Goal of the exercise
Once the line containing "For the ripe" is found in the material below, it and every line after it should be transcribed exactly, with pictures left out and nothing added.
═════ Supplied data ═════
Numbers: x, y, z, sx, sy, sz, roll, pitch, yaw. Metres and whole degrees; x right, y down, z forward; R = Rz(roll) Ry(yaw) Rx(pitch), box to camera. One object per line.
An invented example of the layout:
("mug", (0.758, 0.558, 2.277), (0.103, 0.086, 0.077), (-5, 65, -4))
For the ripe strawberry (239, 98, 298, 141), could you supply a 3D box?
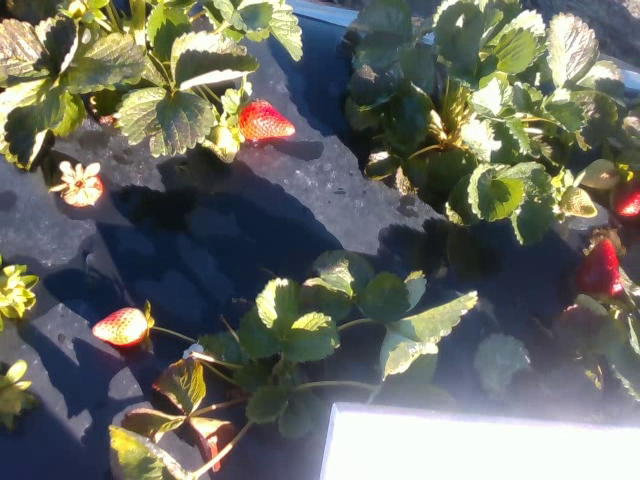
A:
("ripe strawberry", (-0.052, -0.113, 0.596), (0.064, 0.049, 0.052), (16, 6, 0))
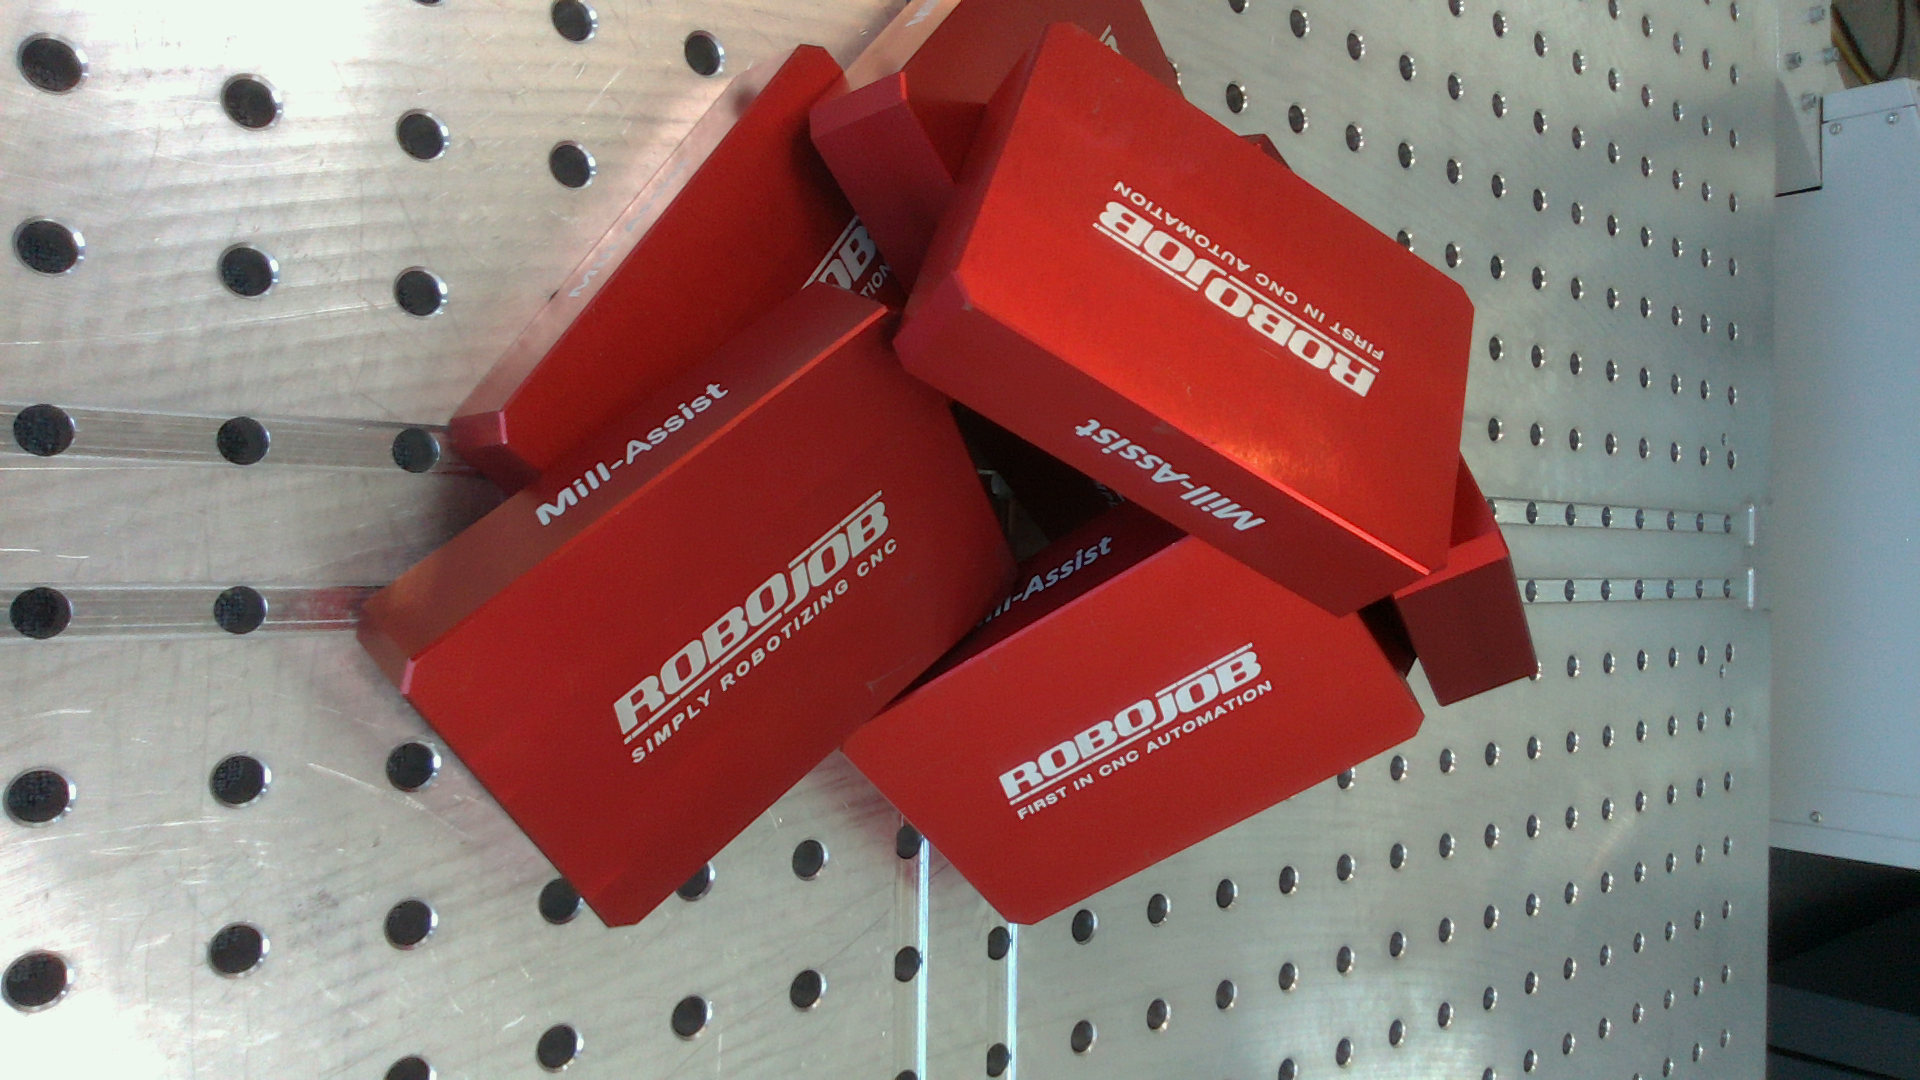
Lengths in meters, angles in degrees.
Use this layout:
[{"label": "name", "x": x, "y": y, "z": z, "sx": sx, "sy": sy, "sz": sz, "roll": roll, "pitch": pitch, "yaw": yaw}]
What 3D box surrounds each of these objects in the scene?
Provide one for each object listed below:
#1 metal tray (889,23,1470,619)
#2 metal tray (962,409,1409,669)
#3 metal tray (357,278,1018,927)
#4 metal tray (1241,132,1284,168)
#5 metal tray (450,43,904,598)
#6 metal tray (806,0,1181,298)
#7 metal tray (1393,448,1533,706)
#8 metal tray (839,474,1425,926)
═════
Exercise output
For the ripe strawberry (239, 98, 298, 141), could you supply a 3D box?
A:
("ripe strawberry", (-0.052, -0.113, 0.596), (0.064, 0.049, 0.052), (16, 6, 0))
Lengths in meters, angles in degrees.
Use this layout:
[{"label": "name", "x": x, "y": y, "z": z, "sx": sx, "sy": sy, "sz": sz, "roll": roll, "pitch": pitch, "yaw": yaw}]
What 3D box surrounds each of these objects in the scene?
Provide one for each object listed below:
#1 metal tray (889,23,1470,619)
#2 metal tray (962,409,1409,669)
#3 metal tray (357,278,1018,927)
#4 metal tray (1241,132,1284,168)
#5 metal tray (450,43,904,598)
#6 metal tray (806,0,1181,298)
#7 metal tray (1393,448,1533,706)
#8 metal tray (839,474,1425,926)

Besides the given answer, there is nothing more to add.